Countries have been rolling out competitive subsidy programs to boost their edge in the critical semiconductor industry.

For South Korea, it is difficult to come up with such direct support programs, but the government is working to create an environment to benefit long-term investment in the sector, Industry Minister Ahn Duk-geun said in a press briefing Tuesday.

Ahn also explained that the ministry, along with other government entities will set up a public fund to support strategic industries, including semiconductors.

"It is difficult to come up with a direct subsidy program. Giving out subsidies (for one industry) is risky, and lawmakers also face similar difficulties at the National Assembly," Ahn said.

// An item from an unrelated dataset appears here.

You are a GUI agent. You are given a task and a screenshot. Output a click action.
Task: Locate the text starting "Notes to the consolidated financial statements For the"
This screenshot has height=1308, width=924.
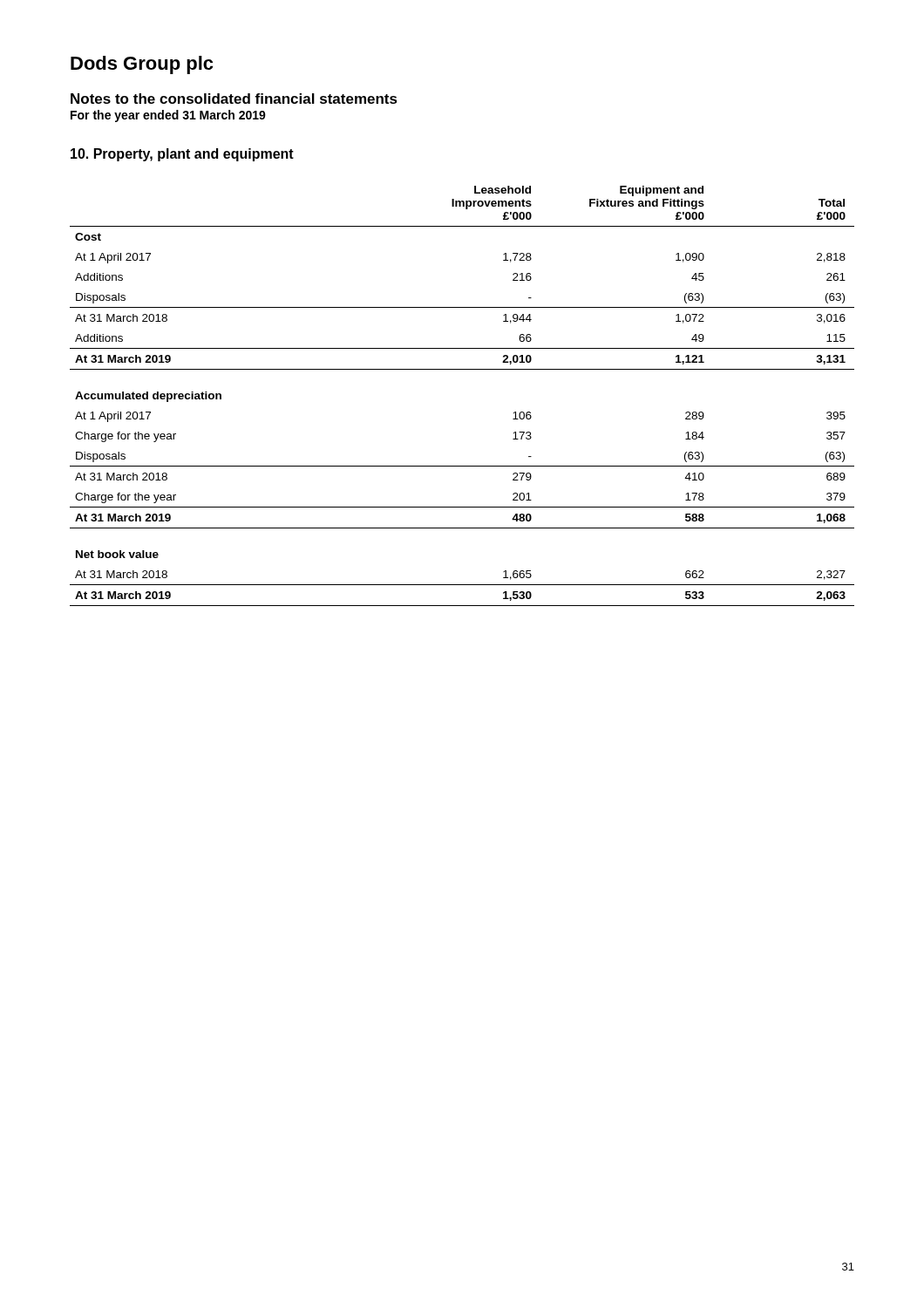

"Instead of offering loans, we seek to create an environment favorable for long-term investment. We are currently in discussions with related government entities including the Finance Ministry to set up a fund to foster advanced technologies including chips, secondary batteries, biopharmaceuticals and displays.

Chip subsidy programs are widespread among chip powerhouses, but Korea, home to the world’s two largest memory chipmakers Samsung Electronics and SK hynix, faces opposition that it is unfair to offer large subsidies to one single industry.

Instead of providing direct funding, government support in Korea leans more towards granting permits for smooth operation and loosening regulations, the official explained.

During the press briefing, the industry minister underscored that trade is the answer to boost the country's stagnant growth rate, and said he will work to achieve the goal of $700 billion in exports this year.

"One of the reasons behind our push to increase export was because we could not find other driving factors to boost the economic growth in the domestic economy," Ahn said.

"Our goal is to raise the growth rate by 0.5 percentage point to achieve growth in the late-2 percent, and personally, 3 percent." South Korea's economy has been predicted to grow 2.3 percent by the Organization for Economic Cooperation and Development this year.

"The president said he will become Korea's No. 1 salesman (for boosting trade). I will be Korea's No. 1 helmsman (in support)," Ahn said, adding that the ministry will announce the country's trade strategy soon.

He also highlighted the importance of adopting artificial intelligence technology to maintain the manufacturing industry, which is the pillar of the country's economy.

The Industry Ministry on Wednesday announced the country's "AI autonomous manufacturing strategy 1.0," aimed at introducing AI-based robots and equipment in manufacturing processes. The ministry said it will invest about 1 trillion won ($733 million) over the next five years together with private companies, to increase the AI manufacturing system expansion rate from the current 9 percent to over 30 percent by 2030.

Regarding Korea Hydro & Nuclear Power's bid for a project to construct four nuclear reactors in the Czech Republic, Ahn said South Korea currently holds a competitive edge against France's EDF, for its proven capability. The country has completed the construction of nuclear reactors in the United Arab Emirates.

A final decision is expected to be made around June and July.

Ahn also stressed the need to promote the use of carbon-free renewable sources and nuclear energy amid the growing electricity demand.

"As we cannot fully power cutting-edge industries with renewable sources alone, the country must supplement the supply with nuclear energy," Ahn said. "The government aims to promote a balanced use of both renewable sources and nuclear energy."

The ministry will soon unveil its long-term plan for the energy portfolio, including plans to construct new nuclear plants, later this month.

On the financial challenges the state-run utility companies, Korea Electric Power Corp. and Korea Gas Corp., face, Ahn said the government is "weighing the appropriate timing," to raise utility prices, including gas and electricity soon.

"As the situations in the Middle East remain unstable, we are monitoring the situation while finding the appropriate timing to raise electricity and gas prices," the minister said.